WHAT YOU WILL DO – Using the records below, filter out every line that lacks "boxes" and copy the rest.

LISTED RECORDS –

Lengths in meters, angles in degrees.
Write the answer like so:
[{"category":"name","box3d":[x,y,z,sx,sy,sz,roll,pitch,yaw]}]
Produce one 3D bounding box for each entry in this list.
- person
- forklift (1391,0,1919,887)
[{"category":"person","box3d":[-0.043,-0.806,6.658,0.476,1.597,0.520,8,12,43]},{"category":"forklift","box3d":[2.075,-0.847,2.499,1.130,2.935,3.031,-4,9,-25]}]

...

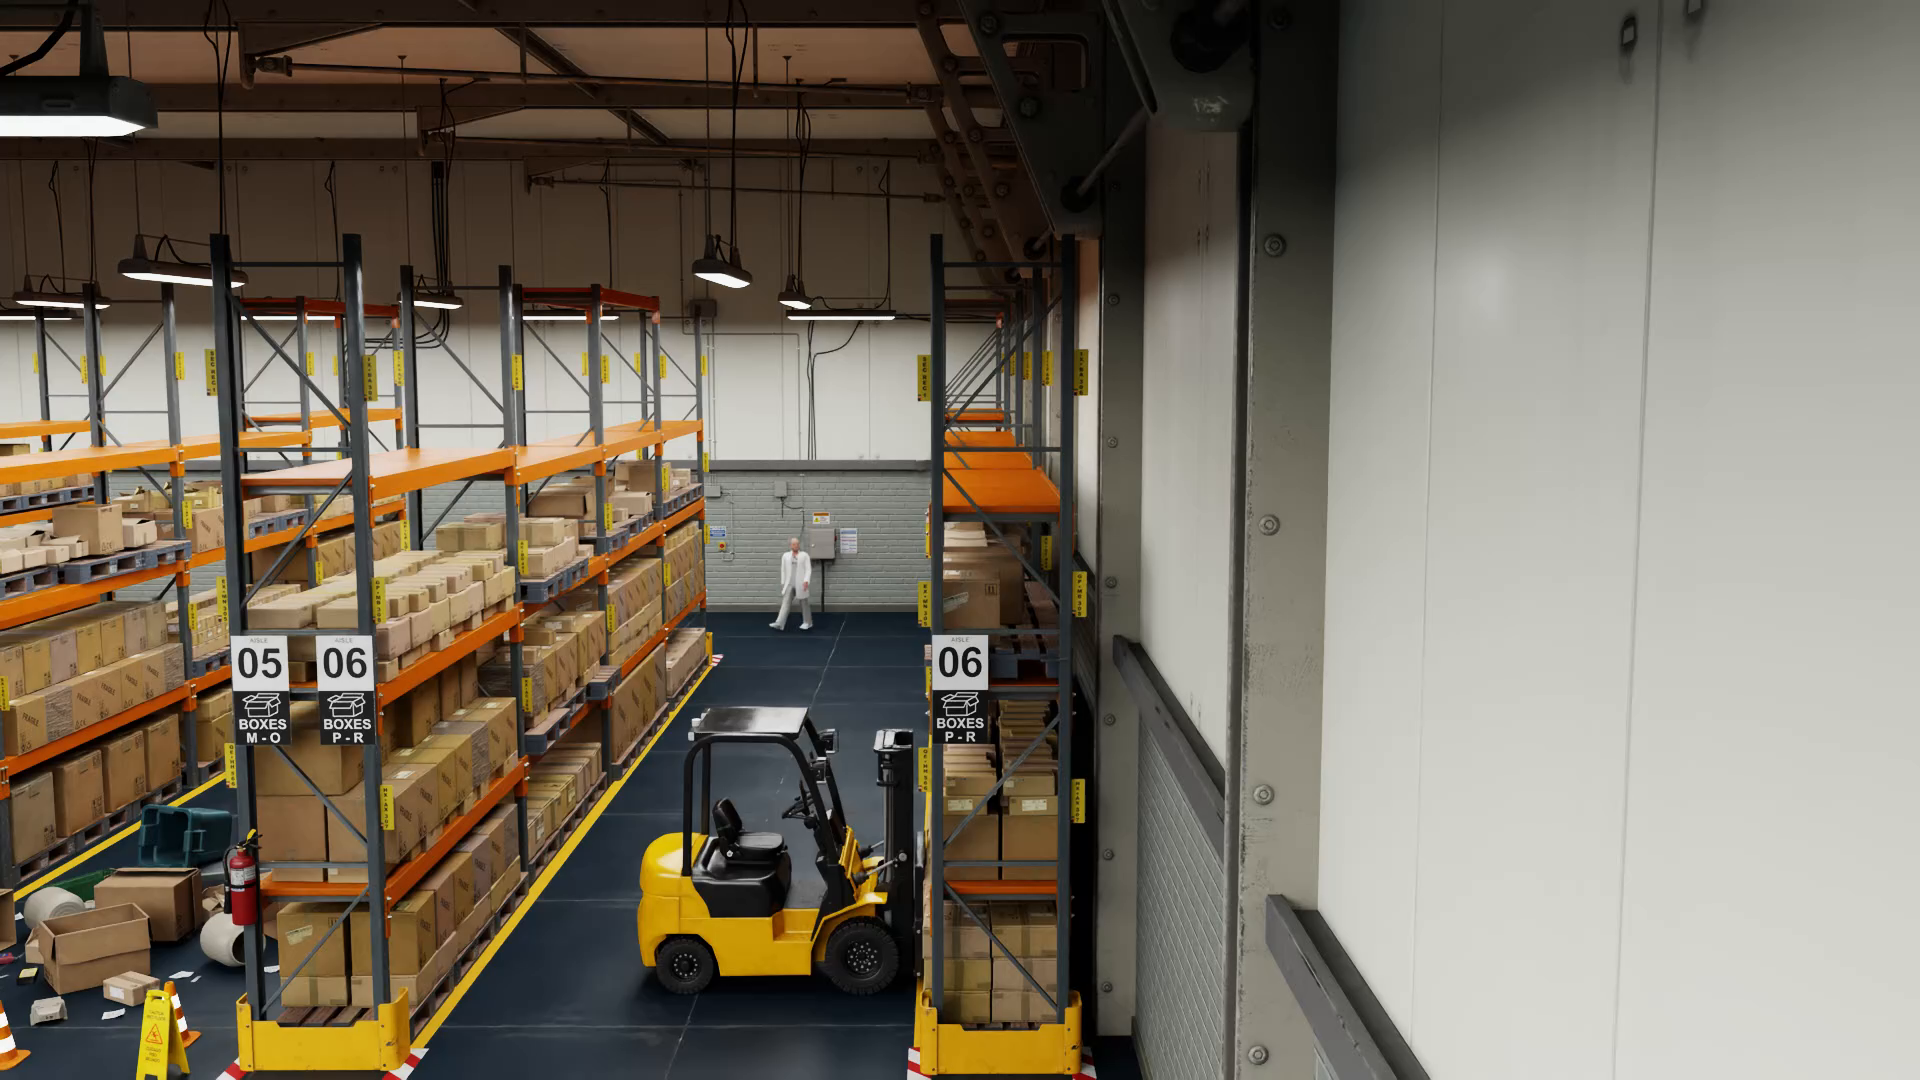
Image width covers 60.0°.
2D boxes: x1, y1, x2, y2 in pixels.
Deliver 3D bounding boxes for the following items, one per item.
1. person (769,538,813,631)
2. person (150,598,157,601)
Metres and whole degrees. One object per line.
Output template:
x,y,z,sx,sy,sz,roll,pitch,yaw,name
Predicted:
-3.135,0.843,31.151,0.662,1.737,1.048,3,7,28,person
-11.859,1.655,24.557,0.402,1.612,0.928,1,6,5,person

--

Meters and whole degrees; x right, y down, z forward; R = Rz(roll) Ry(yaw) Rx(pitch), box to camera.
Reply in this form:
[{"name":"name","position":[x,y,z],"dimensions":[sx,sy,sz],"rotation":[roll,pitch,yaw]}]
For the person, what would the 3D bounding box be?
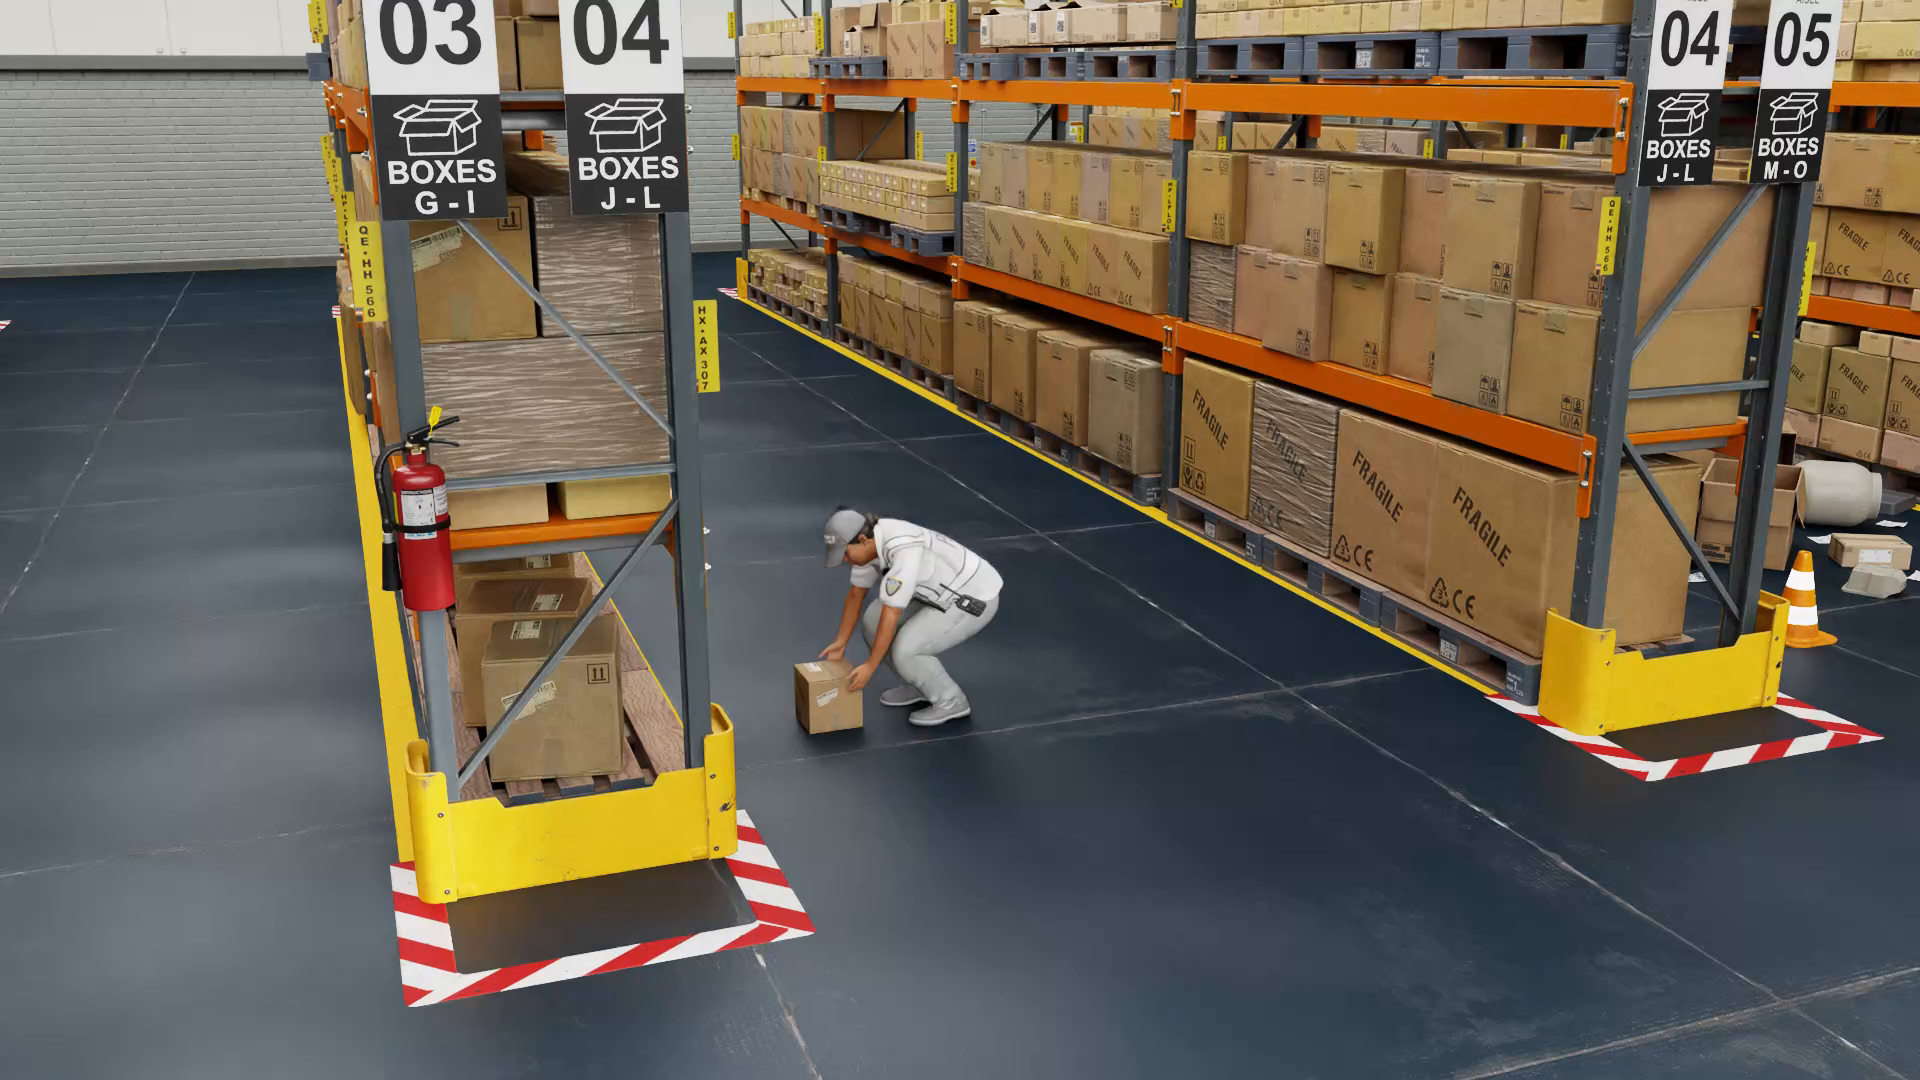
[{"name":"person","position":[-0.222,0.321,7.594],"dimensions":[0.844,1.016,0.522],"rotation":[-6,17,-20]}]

EXPECTED ANSWER –
2D boxes: x1, y1, x2, y2 in pixels.
Deliver 3D bounding boxes for the following items, one per item.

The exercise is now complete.